As meninas e meninos que participaram do projeto pediam, por meio de suas mensagens, para serem valorizadas na sociedade. Frases como “nos deem informações, que ao longo do tempo podemos ter novas soluções”, “só tem um planeta, não tem outro, por isso precisamos cuidar”, e “é importante sermos ouvidos, porque embora não pareça, o futuro do planeta aterroriza”, estão entre as respostas dos questionários utilizados na elaboração do trabalho, e mostram que meninos e meninas têm interesse nesses temas.

Para a coordenadora da Clínica de Direitos Humanos da PUCPR, Danielle Pamplona, é preciso entender que meninos e meninas têm o mesmo direito de se expressarem que os adultos. “O direito de liberdade de expressão vem acompanhado de outros direitos importantes: de receber informações, de buscar informações, e o direito de compartilhar informações”, explica Danielle.

Sob o olhar de quem importa

A campanha “Sob o olhar de quem importa”, criada em 2020, valoriza a participação de meninas e meninos sobre temas que afetam suas vidas. Neste ano, a iniciativa relaciona o ECA com as questões ambientais por meio de vídeos protagonizados por crianças, adolescentes e educadores, considerando suas opiniões a respeito dos desafios e oportunidades para cuidar da casa comum. 

Nos vídeos, oito estudantes Marista entre 10 e 17 anos destacam a importância de preservar o meio ambiente e mostram que entendem a urgência de tratar do assunto. “A gente degrada florestas, tira habitats de animais, perde nossa fonte de sustento, causa muitos problemas de saúde”, diz uma delas. Para outra: “Toda vez que a gente ignora a preservação do meio ambiente, é como se estivéssemos declarando a nossa autoextinção”.

Em outro vídeo da campanha, educadores também foram convidados a refletir sobre o direito à participação e o debate ambiental. “Os adultos ocupam um lugar de privilégio, com acesso à informação e à tomada de decisões, por isso, nosso papel é oferecer a crianças e adolescentes mais informações de qualidade e ações educativas, para que elas formem suas próprias opiniões e tenham confiança para tratar do tema”, recomenda Marcela. 

De acordo com a analista, ao longo da produção dos vídeos da campanha e também do projeto “Crianças e Mudanças Climáticas”, o diálogo com meninas e meninos possibilitou compreender o que eles entendem por mudanças climáticas. “Um desafio nessas discussões foi alinhar nossos vocabulários com o das crianças e adolescentes, usando termos que fizessem sentido para eles. Para que eles identificassem o tema com facilidade, articulamos a discussão do meio ambiente com cultura pop, música e poesia”, conta.

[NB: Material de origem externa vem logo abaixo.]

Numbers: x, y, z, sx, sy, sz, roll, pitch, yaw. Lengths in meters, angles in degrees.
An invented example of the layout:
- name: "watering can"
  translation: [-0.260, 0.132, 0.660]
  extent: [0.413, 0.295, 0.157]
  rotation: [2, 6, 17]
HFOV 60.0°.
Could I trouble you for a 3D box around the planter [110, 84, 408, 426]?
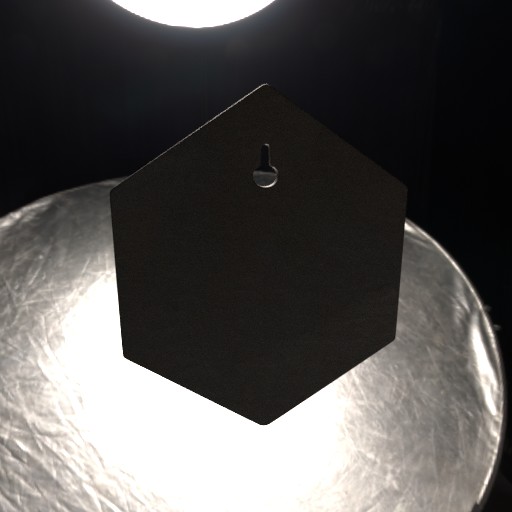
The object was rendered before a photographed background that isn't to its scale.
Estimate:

Segundo o presidente do Conselho Superior da UMBRASIL, Antonio Benedito de Oliveira, uma abordagem ecológica é também uma abordagem social, e meninas e meninos têm papel central: “As crianças, adolescentes e jovens têm uma nova sensibilidade ecológica e um espírito generoso, e alguns deles lutam admiravelmente pela defesa do meio ambiente”.

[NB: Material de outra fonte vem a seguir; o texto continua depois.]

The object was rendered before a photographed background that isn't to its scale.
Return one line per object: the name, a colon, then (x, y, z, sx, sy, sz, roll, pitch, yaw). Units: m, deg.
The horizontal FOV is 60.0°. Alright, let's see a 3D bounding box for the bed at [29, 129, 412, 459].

Ampliando o assunto, a coleção “Agenda 2030: para que ninguém fique para trás”, elaborada pelo EducaDyS, Pastoral Juvenil Marista do México e o Centro Marista de Defesa da Infância, tem como objetivo contribuir nas ações educativas com crianças, adolescentes e jovens sobre os Objetivos de Desenvolvimento Sustentável – ODS. Disponível em oito fichas, a coleção utiliza a metodologia Ver, Julgar e Agir, e possibilita que educadores, crianças, adolescentes e jovens vivenciem um caminho pedagógico com sugestão de atividades lúdicas e subsídios para reflexão sobre o tema. 

Para conhecer melhor essas iniciativas, acesse centrodedefesa.org.br  e os perfis do Grupo Marista no Instagram, Facebook e YouTube.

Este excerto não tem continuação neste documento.